The Federal Reserve balance sheet assets fell by $11 billion to now stand at $7.11 trillion. We have had the Fed let almost exactly $1 trillion in assets run off the balance sheet in the last year–just another 7 years and we will be back to zero which of course will never happen.

Last week, as might be expected, the average $25/share preferred and baby bond rose by 13 cents. Investment grade issues rose 20 cents, banking issues rose 13 cents, mREITs rose 5 cents and shipping issues rose 21 cents.

7 thoughts on “Weekly Kickoff”

  1. Raymond James has a handy one-page weekly list of interest rates, nicely arranged, which gives an idea of relative rates at a point in time without clicking around a lot. “Brokered CDs” are a reality check on the numbers to beat in a declining market. (Spoiler: the “5” key on Mr Market’s numeric keypad is broken.) There should be an update soon.

    Weekly Interest Rate Monitor
    https://www.raymondjames.com/-/media/rj/dotcom/files/wealth-management/market-commentary-and-insights/bond-market-commentary/weekly_rate_monitor.pdf

    1. Great piece Bear thanxx. I have bookmarked, love these kinds of things!

      Pfds are not bonds of course but I have seen correlation studies where pfds correlate mostly w Baa, maybe w some ‘extra’ given their place outside the secured/unsecured stack.
      So I look at that too. Maybe? Mike Miller/ Rubicon Associates formerly Bridgewater guy who used to write or someone maybe Trapping Value was the one too. Miss Mike good guy, probably out there working hard. He was always so helpful to me. Moody’s Baa thing.. https://ycharts.com/indicators/moodys_seasoned_baa_corporate_bond_yield

      I thought this was interesting too SOFR has been matching what LIBOR would have been, much ‘ado about nothing’ the whole transition other than to confuse us. https://www.sofrrate.com/

  2. Too early in the day to tell which direction WTI is going but futures broke the 70.00 support level last week. Does not bode well for oil stocks. This is the only commodity I follow but others here might follow other commodities which are good indicators of which direction the economy is going.

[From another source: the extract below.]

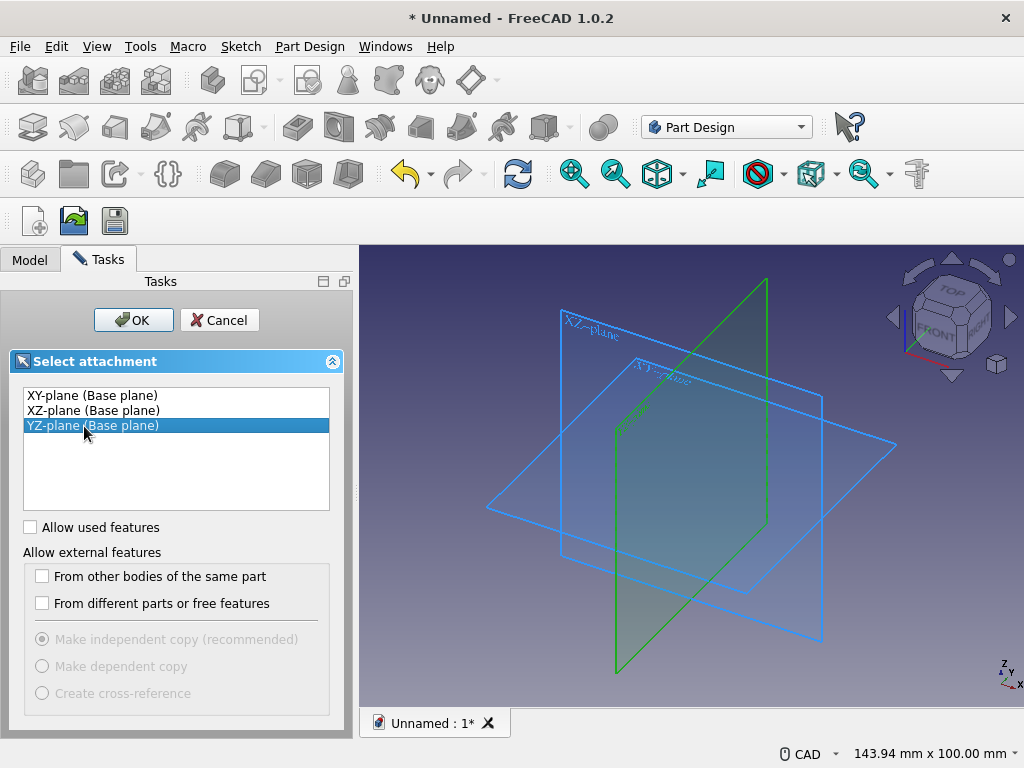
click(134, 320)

    1. I don’t think oil is a good predictor of the US economy. IMHO, Oil is lately driven by oversupply at OPEC, China’s lackluster economy and transitory odd world events (Libya, tanker attacks, South America, Iran, Russia.) . Over recent years, OPEC had to implement several output cuts to prop up prices. If I remember correctly prices went down after one OPEC production cut and they had to do a deeper cut. ) Now they are wondering if they really want to add output into a weak market.

      On a micro-economic level, regular gas is 2.88 locally. I am not a trader, but it looks like there are better opportunities out there than the E&P end of oil. Maybe there will be some merger opps if stock prices fall, but pricing fundamentals look weak.

      1. Bear, it becomes more obvious that it’s not the oil companies contributing to the high price of gas here in Calif. which the governor tries to blame, but the taxes at the state and local level. I paid $4.26 a gallon this past weekend. What is also suspicious is when I checked GasBuddy.com there was an almost uniform pricing at all the gas stations as if they are fixing the price of gas.